Bloomberg

Senior Software Engineer - Media Data Engineering

Bloomberg, New York City, NY, United States

Our Team

Bloomberg Media empowers global business leaders with breaking news, expert opinion and proprietary data distributed with global reach. With over 30 million unique visitors each month, our flagship website bloomberg.com is the go-to destination for those looking to stay ahead of the curve. As one of the top 10 most visited financial and news sites on the web, we take pride in delivering top-quality content that our audience can trust.

Media Data Engineering owns a variety of structured and unstructured data assets and enabling applications. We own a Data Warehouse to store our structured data assets. We leverage open source orchestration tools and analytical processing to maintain a collection of ETL and data curation processes for those assets. These data assets empower our Data Science and Insights teams to improve our customer experience through machine learning, A/B testing and data driven decision making. This entire platform is running on a multi-cloud environment built using a mix of open-source and public cloud technologies. We also own the backend for Search on bloomberg.com and the mobile app. This backend is built on top of NoSQL datastore to store, index and query unstructured data such as news articles, stock symbols, people and more. We also own an application that enables access to certain user attributes from our data warehouse for low latency/high throughput use cases e.g. differentiated web site experience. This application uses NoSQL datastore to store and efficiently serve this data to web scale traffic.

What's in it for you

As a member of the team, you will work with a wide range of stakeholders such as Product, Editorial, Ad Operations, Marketing, and other engineering teams. You will maintain, expand, and innovate our Data Engineering infrastructure by leveraging open source and cloud technologies. You’ll also work closely with analysts and data scientists to provide the data and tooling they need to generate insights that will improve the experience of Bloomberg Media customers. You will get to work with unstructured and structured data for use cases like search, big data modeling & analysis, data contracts and data governance.

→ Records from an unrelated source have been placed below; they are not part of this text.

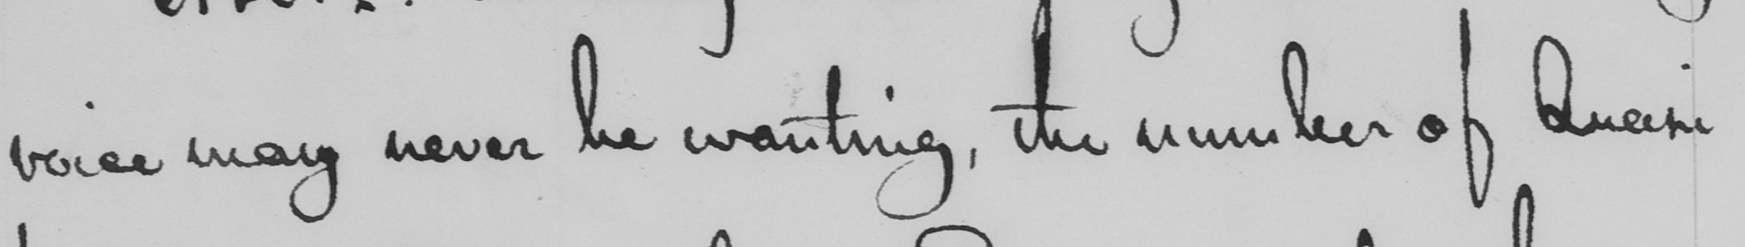Please transcribe the handwritten text in this image. voice may never be wanting , the number of Quasi 
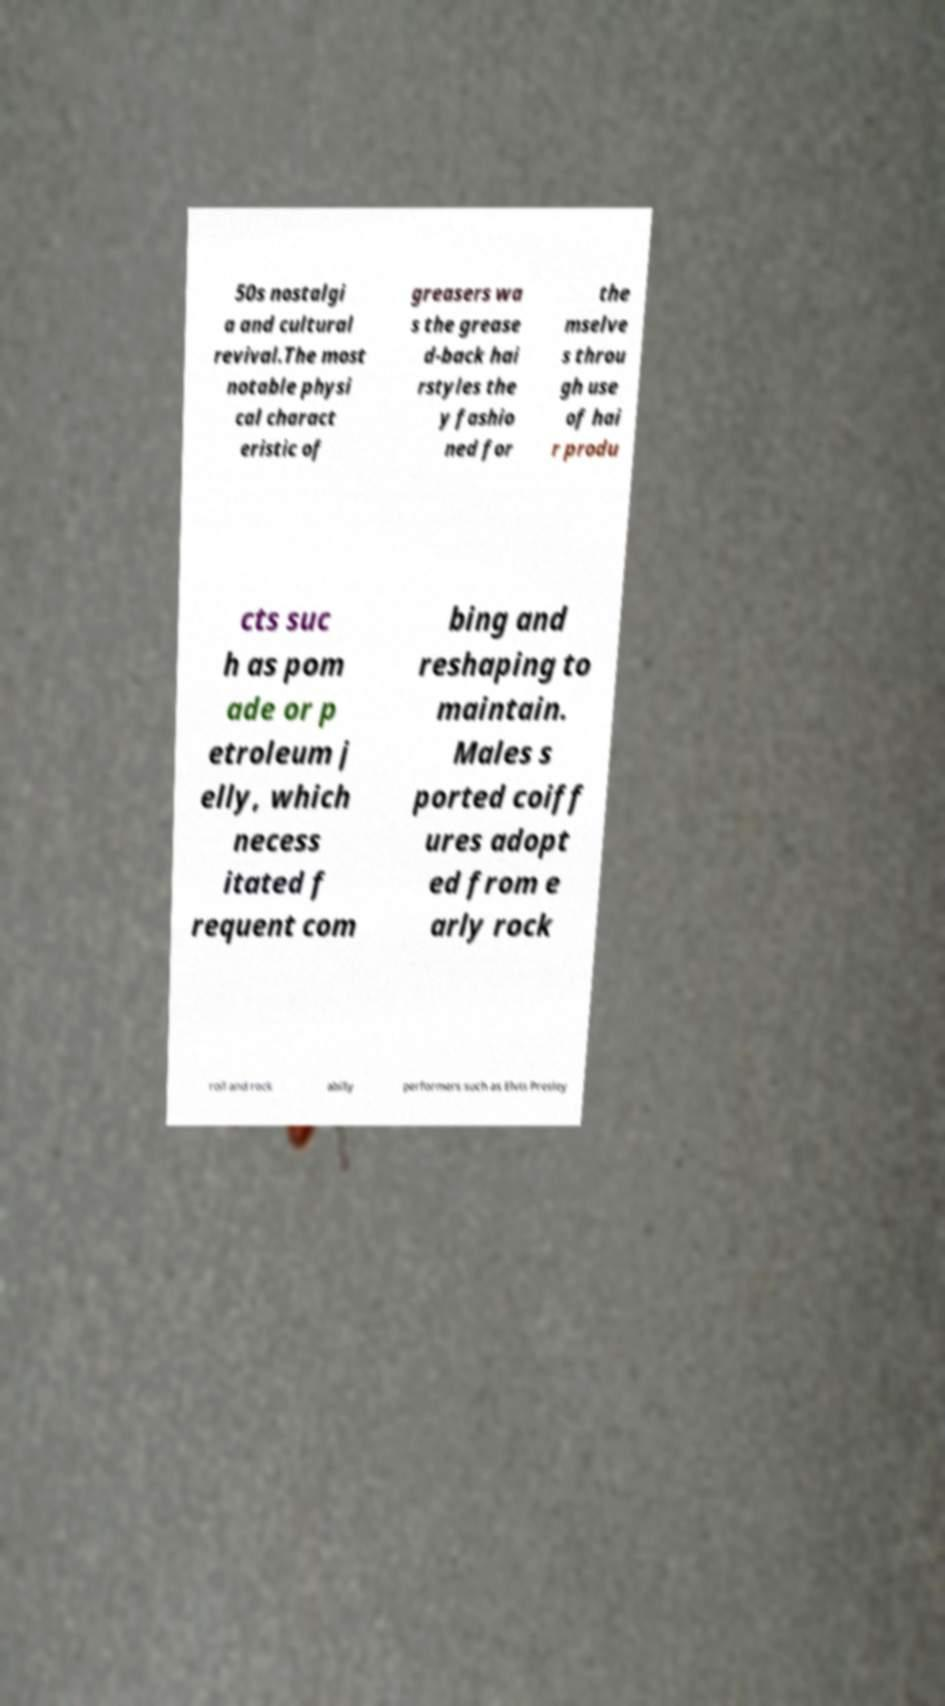Could you extract and type out the text from this image? 50s nostalgi a and cultural revival.The most notable physi cal charact eristic of greasers wa s the grease d-back hai rstyles the y fashio ned for the mselve s throu gh use of hai r produ cts suc h as pom ade or p etroleum j elly, which necess itated f requent com bing and reshaping to maintain. Males s ported coiff ures adopt ed from e arly rock roll and rock abilly performers such as Elvis Presley 
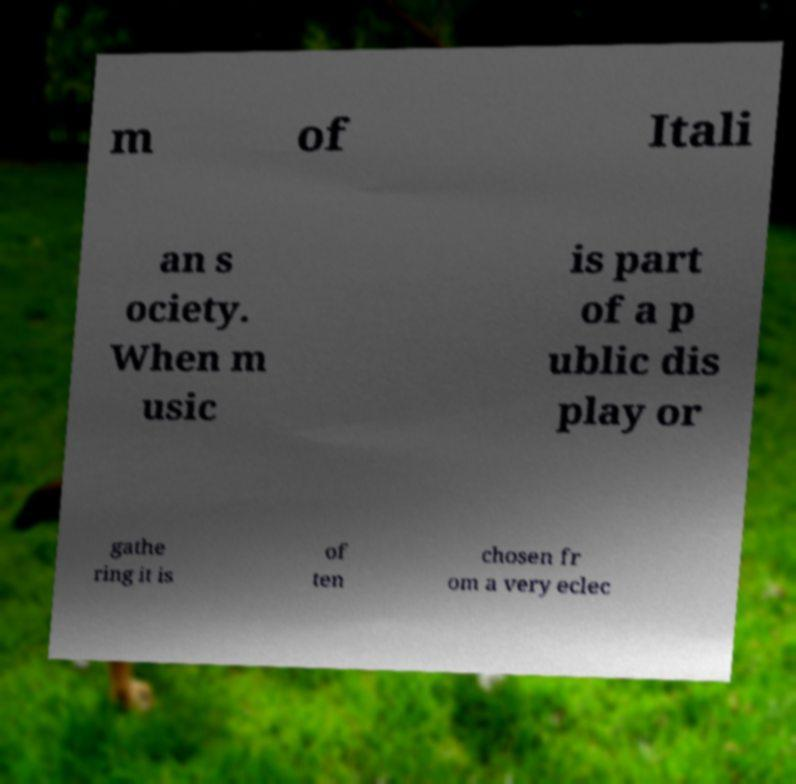Can you read and provide the text displayed in the image?This photo seems to have some interesting text. Can you extract and type it out for me? m of Itali an s ociety. When m usic is part of a p ublic dis play or gathe ring it is of ten chosen fr om a very eclec

You’ll have opportunities to grow your network by playing a central role in empowering other teams with a large collection of data sets that lie in a critical path for management and finance reporting for the Bloomberg Media business.

We'll trust you to

Develop and maintain data pipelines flowing terabytes of new data every day.
Innovate and improve the platform by applying the best practices in the Data Engineering field, in particular focusing on improving data quality, data observability and data discovery as we look to scale up our platform both in terms of size and complexity.
Develop and maintain our search infrastructure including ElasticSearch, our backend application to serve the traffic and data ops processes to hydrate indices.
Develop the domain knowledge and strategic thinking necessary to identify opportunities to grow the impact of our team through ideation, project proposals, and technical discussions.
Analyze raw data for insights and trends and build techniques and processes to automate these workflows.
Build a network with stakeholders and leverage it to maximize you and your team’s impact.

You need to have

4+ years experience Programming experience in Python, Javascript, Java or any object oriented programming languages.
Experience developing data extraction, transformation, and load (ETL) pipelines.
Experience with workflow management technologies such as Airflow, Luigi, NiFi, Oozie.
Experience with cloud technologies such as AWS, GCP
Experience working on complex data systems from design to delivery.
Experience with SQL.
Experience with NoSQL technologies like Elasticsearch, DynamoDB, Solr, Cassandra, HBase, etc..
Degree in Computer Science, Engineering or related technology field.

We'd Love to See

Experience with big data systems such as BigQuery, Redshift.
Experience supporting data scientist workflows.
Experience integrating with 3rd party APIs.
Experience managing compute instances, databases, etc. to drive data wrangling and delivery.